**REQUIREMENT**
Search the records for the line with "Q2. For the". Output that line and each line after it, exactly, and stop at the end; omit pictures.

**RECORDS TO PROCESS**
= = =

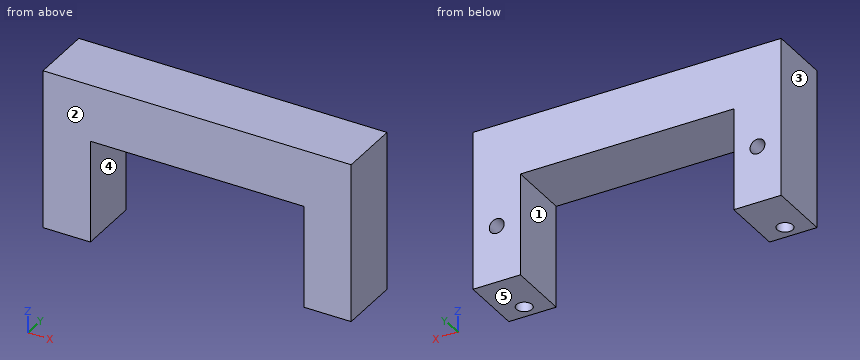
from build123d import *

# Parameters (mm, degrees)
F1_DEPTH      = 10.668
F2_W          = 2.54
F2_H          = 13.716
F2_W_2        = 10.541
F3_DEPTH      = 20.6385
F3_DEPTH_BACK = 20.6385
F4_R          = 1
F5_DEPTH      = 5.08
F6_R          = 1.05
F7_DEPTH      = 6.985
F8_W          = 11.4453516792
F8_H          = 8.6245518178
F8_W_2        = 4.2650750415
F9_DEPTH      = 20.6385
F9_DEPTH_BACK = 20.6385


with BuildPart() as f1:
    # F0 (on Front) → F1 (new body, symmetric)
    with BuildSketch(Plane.XZ):
        Polygon((-14.2875, 0), (0, 0), (14.2875, 0), (14.2875, -13.716), (20.6375, -13.716), (20.6375, 7.62), (0, 7.62), (-20.6375, 7.62), (-20.6375, -13.716), (-14.2875, -13.716), align=None)
    extrude(amount=F1_DEPTH, both=True)

    # F2 (on Right) → F3 (cut, two sides)
    with BuildSketch(Plane.YZ) as f3_sk:
        with Locations((9.398, -6.858)):
            Rectangle(F2_W, F2_H)
        with Locations((-5.3975, -6.858)):
            Rectangle(F2_W_2, F2_H)
    extrude(amount=-F3_DEPTH, mode=Mode.SUBTRACT)
    extrude(f3_sk.sketch, amount=F3_DEPTH_BACK, mode=Mode.SUBTRACT)

    # F4 (on face) → F5 (cut)
    with BuildSketch(Plane(origin=(0, 8.128, 0), x_dir=(-1, 0, 0), z_dir=(0, 1, 0))):
        with Locations((-17.4625, -6.096)):
            Circle(F4_R)
        with Locations((17.4625, -6.096)):
            Circle(F4_R)
    extrude(amount=-F5_DEPTH, mode=Mode.SUBTRACT)

    # F6 (on face) → F7 (cut)
    with BuildSketch(Plane(origin=(0, 0, -13.716), x_dir=(1, 0, 0), z_dir=(0, 0, -1))):
        with Locations((-17.4625, -1.778)):
            Circle(F6_R)
        with Locations((17.4625, -1.778)):
            Circle(F6_R)
    extrude(amount=-F7_DEPTH, mode=Mode.SUBTRACT)

    # F8 (on Right) → F9 (cut, two sides)
    with BuildSketch(Plane.YZ) as f9_sk:
        with Locations((-5.8496758396, 4.3122759089)):
            Rectangle(F8_W, F8_H)
        with Locations((10.2605375207, 4.3122759089)):
            Rectangle(F8_W_2, F8_H)
    extrude(amount=F9_DEPTH, mode=Mode.SUBTRACT)
    extrude(f9_sk.sketch, amount=-F9_DEPTH_BACK, mode=Mode.SUBTRACT)


solid = f1.part
Part model, mm, in its own coordinate system. Face numbers are marked on the shaded views. A direction names the side the tool comes from. Coordinates: 2 decimals unless noted, no trailing zeros. Write each loop counter-clockwise with the first axis right and the second up, starting at its lowest first coordinate (ties: lowest second). Pieces come first, ordered by that corner, then holes. Notation, with made-up numbers: M 3,72 L 58,72 A26 ccw 58,109 Z; hole C 70,28 d1. An arc over 180 degrees is marked long. Return JSON: item names as keys, results as strings.
1. 3-axis set-ups, long thin cutter, end or side, ignore diameter. For the marked faces 1 and 2: which of +Z, -Z, +X, -X, +Y, -Y reach the whole face in a straight line?
Determined:
{"face 1": "-Z, +Y, -Y", "face 2": "+Z, -Z, +X, -X, -Y"}
2. Pull direction X, two halves, no side cores. Call the marked faces 3, 4 and 5: pulls with the +X half, pulls with the -X half, needs draft (parallel to the pull), parting line crosses it, or undercut.
Determined:
{"face 3": "pulls with the -X half", "face 4": "undercut", "face 5": "needs draft"}
3. Flat gauge pins, fed straight in: pin 1 Ø1.9 at (x, y) = (17.46, 1.78) entering from -Z; pin 2 Ø2.5 at (x, z) = (17.46, -6.1) entering from +Y; pin 3 Ø1.2 at (x, z) = (-17.46, -6.1) entering from +Y; pin 4 Ø3 at (x, y) = (-3.5, 2) entering from -Z. Where does each tip first touch, or does it go through?
Determined:
{"pin 1": "z = -6.73", "pin 2": "y = 8.13", "pin 3": "y = 3.05", "pin 4": "z = 0"}
4. Saw through at A-A, the plane z = -4. Write the cut outline in (x, y).
Determined:
{"outline": "M -20.64,-0.13 L -14.29,-0.13 L -14.29,8.13 L -20.64,8.13 Z; M 14.29,-0.13 L 20.64,-0.13 L 20.64,8.13 L 14.29,8.13 Z"}
5. Saw through at C-C, the plane z = -7.75. Write the cut outline in (x, y).
Determined:
{"outline": "M -20.64,-0.13 L -14.29,-0.13 L -14.29,8.13 L -20.64,8.13 Z; M 14.29,-0.13 L 20.64,-0.13 L 20.64,8.13 L 14.29,8.13 Z; hole C -17.46,1.78 d2.1; hole C 17.46,1.78 d2.1"}
6. Saw through at D-D, the plane x = 18. Write the cut outline in (y, z).
Determined:
{"outline": "M -0.13,-13.72 L 0.88,-13.72 L 0.88,-6.73 L 2.68,-6.73 L 2.68,-13.72 L 8.13,-13.72 L 8.13,-6.94 L 3.05,-6.94 L 3.05,-5.25 L 8.13,-5.25 L 8.13,7.62 L -0.13,7.62 Z"}
7. Saw through at B-B, the plane y = 6.5. Write the cut outline in (x, z), then the cut area to 3 significant figures.
Determined:
{"outline": "M -20.64,-13.72 L -14.29,-13.72 L -14.29,0 L 14.29,0 L 14.29,-13.72 L 20.64,-13.72 L 20.64,7.62 L -20.64,7.62 Z; hole C -17.46,-6.1 d2; hole C 17.46,-6.1 d2", "area": "482 mm²"}
8. Probe L1, parallel to X at y = 7.5, z = -3; L2, parallel to X at y = 2.25, z = -7.25; L3, parallel to Z at x = -17, y = 6.25. List the from-to ranges inside material, lowest first.
Determined:
{"L1": "-20.64 to -14.29, 14.29 to 20.64", "L2": "-20.64 to -18.4, -16.52 to -14.29, 14.29 to 16.52, 18.4 to 20.64", "L3": "-13.72 to -6.98, -5.21 to 7.62"}
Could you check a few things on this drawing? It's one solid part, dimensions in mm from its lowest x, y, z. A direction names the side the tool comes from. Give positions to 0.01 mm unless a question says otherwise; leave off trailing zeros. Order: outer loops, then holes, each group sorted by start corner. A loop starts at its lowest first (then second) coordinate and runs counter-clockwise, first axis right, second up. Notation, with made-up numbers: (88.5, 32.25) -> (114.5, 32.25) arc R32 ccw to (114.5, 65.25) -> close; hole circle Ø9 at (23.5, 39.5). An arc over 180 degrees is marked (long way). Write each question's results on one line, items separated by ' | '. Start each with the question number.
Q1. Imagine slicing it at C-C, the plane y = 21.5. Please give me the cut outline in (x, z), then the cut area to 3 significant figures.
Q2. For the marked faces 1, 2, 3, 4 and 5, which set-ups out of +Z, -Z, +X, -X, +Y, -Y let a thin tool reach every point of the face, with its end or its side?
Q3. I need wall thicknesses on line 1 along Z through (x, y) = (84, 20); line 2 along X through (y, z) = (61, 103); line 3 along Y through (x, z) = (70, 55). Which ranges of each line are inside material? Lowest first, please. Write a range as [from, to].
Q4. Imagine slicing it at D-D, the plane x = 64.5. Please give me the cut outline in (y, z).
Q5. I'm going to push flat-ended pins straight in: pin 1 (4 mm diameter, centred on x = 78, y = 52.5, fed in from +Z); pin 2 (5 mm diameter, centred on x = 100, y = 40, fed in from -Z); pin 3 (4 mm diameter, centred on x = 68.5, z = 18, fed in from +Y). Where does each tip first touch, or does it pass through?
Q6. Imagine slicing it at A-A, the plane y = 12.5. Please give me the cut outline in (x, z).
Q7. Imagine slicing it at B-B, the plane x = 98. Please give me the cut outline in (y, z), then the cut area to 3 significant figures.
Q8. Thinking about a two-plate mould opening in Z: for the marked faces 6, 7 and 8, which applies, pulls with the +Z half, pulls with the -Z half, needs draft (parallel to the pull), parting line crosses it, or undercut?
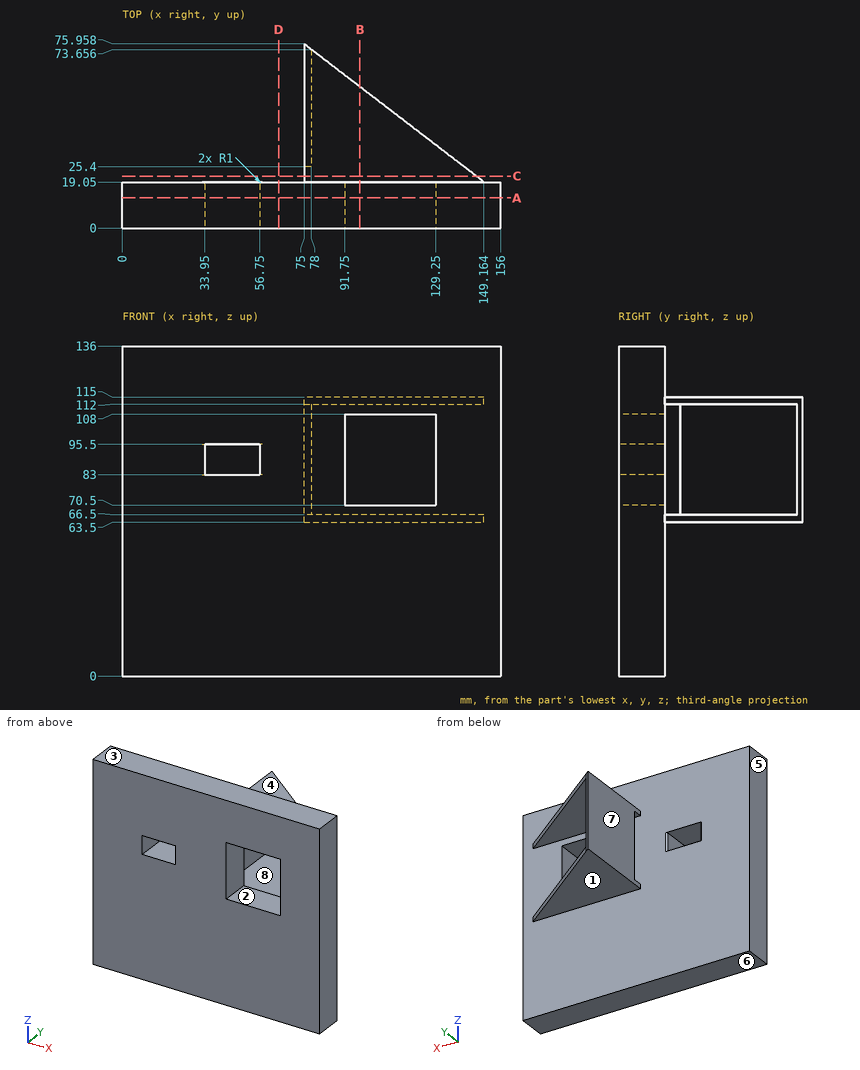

= = =

**YOUR SOLUTION**
Q2. For the marked faces 1, 2, 3, 4 and 5, which set-ups out of +Z, -Z, +X, -X, +Y, -Y let a thin tool reach every point of the face, with its end or its side?
Q3. I need wall thicknesses on line 1 along Z through (x, y) = (84, 20); line 2 along X through (y, z) = (61, 103); line 3 along Y through (x, z) = (70, 55). Which ranges of each line are inside material? Lowest first, please. Write a range as [from, to].
Q4. Imagine slicing it at D-D, the plane x = 64.5. Please give me the cut outline in (y, z).
Q5. I'm going to push flat-ended pins straight in: pin 1 (4 mm diameter, centred on x = 78, y = 52.5, fed in from +Z); pin 2 (5 mm diameter, centred on x = 100, y = 40, fed in from -Z); pin 3 (4 mm diameter, centred on x = 68.5, z = 18, fed in from +Y). Where does each tip first touch, or does it pass through?
Q6. Imagine slicing it at A-A, the plane y = 12.5. Please give me the cut outline in (x, z).
Q7. Imagine slicing it at B-B, the plane x = 98. Please give me the cut outline in (y, z), then the cut area to 3 significant figures.
Q8. Thinking about a two-plate mould opening in Z: for the marked faces 6, 7 and 8, which applies, pulls with the +Z half, pulls with the -Z half, needs draft (parallel to the pull), parting line crosses it, or undercut?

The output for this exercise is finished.